La vida en pareja

Debe ser cosa de los muchos años. Los de pareja y los de vida. Uno no puede dejar de asombrarse de las nonadas en las que las parejas recientes, enamoradas y jovenzuelas, se enredan. El exponente máximo lo encontramos en las largas colas de espera ante una caja de un supermercado, o una tienda de ropa. 

Dos veinteañeros, modernos y tal, en una fila ante la caja registradora (clinc, clinc) de una filial perteneciente a Amancio Ortega. Un Zara, vamos. El muchacho lucía un toque hipster que lo hacía parecer un pollito despistado, con camisa a cuadros y zapatillas de loneta. La muchacha llevaba uno de esos jeans que no son tal, sino cual; esto es, un jeggins o algo así. Pelo largo, maquillaje, pestañas con rimel, la boquita fruncida en un gesto de contrariedad y entre las manos, un pantalón que, palabrita de Niño Jesús, se parecía sospechosamente al que portaba en su cuerpo resalao. El mozo argumentaba que se sentía ninguneado por su chica. Para qué me pides opinión, si luego te compras lo que quieres, razonaba el jovenzuelo. Basta que te diga que no me gusta ese pantalón, para que te lo compres. Basta que te diga que me gusta un pantalón, para que lo devuelvas a la estantería. No entiendo porque quieres que venga contigo, la verdad. No te importa mi opinión, ni lo que piense. A lo que la muchachita, con vocecita tímida respondía, quiero que vengas conmigo porque me importa tu opinión. Quiero que vengas para que me acompañes y me aconsejes. ¿O es que te aburres?
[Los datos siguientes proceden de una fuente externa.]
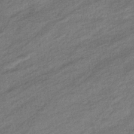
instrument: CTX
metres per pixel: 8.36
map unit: eHb
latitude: -40.4629
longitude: 83.2376
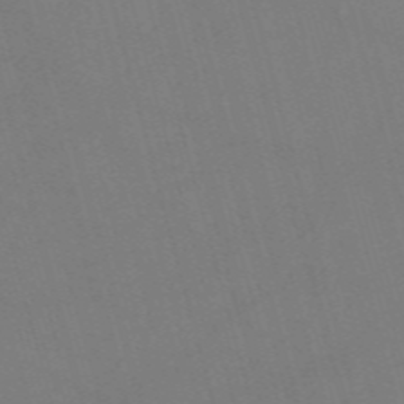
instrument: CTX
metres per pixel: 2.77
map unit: Nve
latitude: -58.5951
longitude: 62.2172
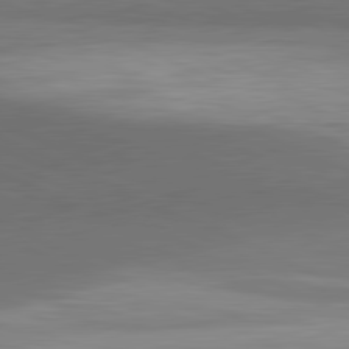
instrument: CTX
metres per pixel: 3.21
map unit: lApd
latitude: 81.3859
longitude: 137.9178
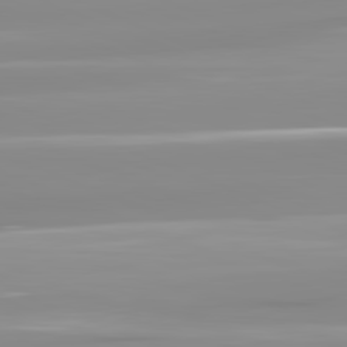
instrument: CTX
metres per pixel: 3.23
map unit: lApd
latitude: 81.9717
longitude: -138.0444
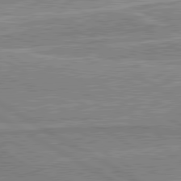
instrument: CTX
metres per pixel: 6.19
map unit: lApd
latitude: 80.6679
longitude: 143.1809
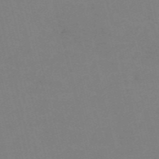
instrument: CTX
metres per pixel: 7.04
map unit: HNb
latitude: -55.9367
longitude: -41.5938
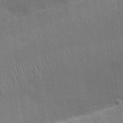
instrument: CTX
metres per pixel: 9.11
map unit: Nhu
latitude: 25.1025
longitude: -51.7449
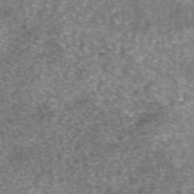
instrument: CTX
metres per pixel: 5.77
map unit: eAb
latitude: 46.0633
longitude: 103.2943
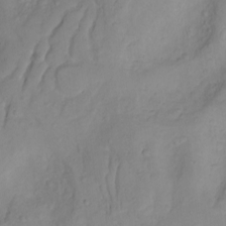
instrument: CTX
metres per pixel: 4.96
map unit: Nhu
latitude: -5.0108
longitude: -81.4048
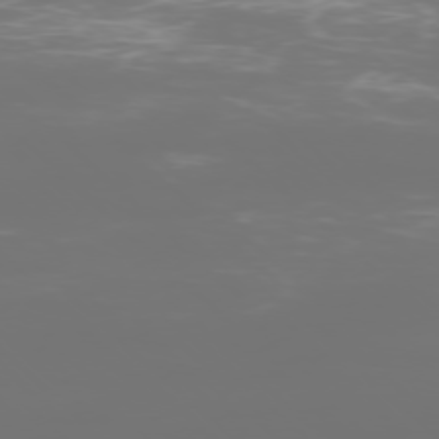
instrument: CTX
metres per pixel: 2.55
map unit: Ap
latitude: -77.7100
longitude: -61.9528
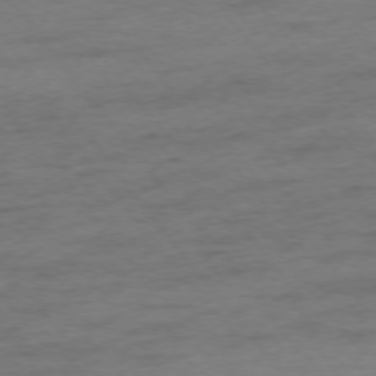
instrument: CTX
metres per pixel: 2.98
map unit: Ap
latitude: -76.0283
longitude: -84.6302
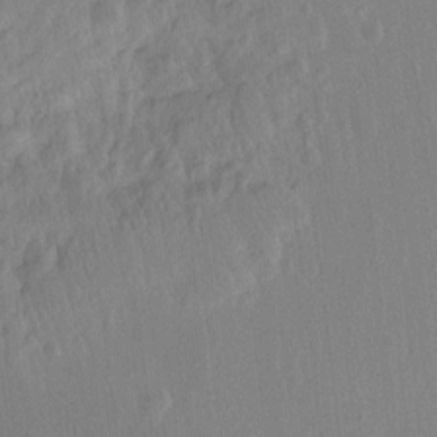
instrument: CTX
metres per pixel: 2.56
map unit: Hto
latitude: -12.5763
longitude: -39.3104
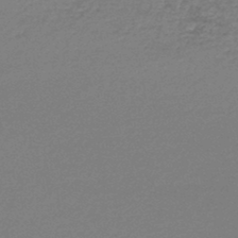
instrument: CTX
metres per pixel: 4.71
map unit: lHb
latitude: -45.6155
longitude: 63.0675
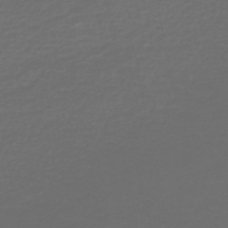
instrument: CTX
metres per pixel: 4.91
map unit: HNb
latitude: -47.7288
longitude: 55.7667

Qué insensatos. A uno (en este caso, a una) le dan ganas de voltearse y regañarles. Pero, alma de cántaro, di a todo que sí. Pero alma de cántaro, ¿para qué le pides que te aconseje? No deja de ser tierna la discusión. Quién pudiera preocuparse por semejante asunto y dejar atrás otras asperezas. Tal vez sea cuestión de tiempo que ella salga a comprar sola y él se limite a asentir con la cabeza cuando ella le pregunte, ¿qué tal me queda esta falda? ¿O te gusta más aquella otra? Es que los ponemos en unos bretes...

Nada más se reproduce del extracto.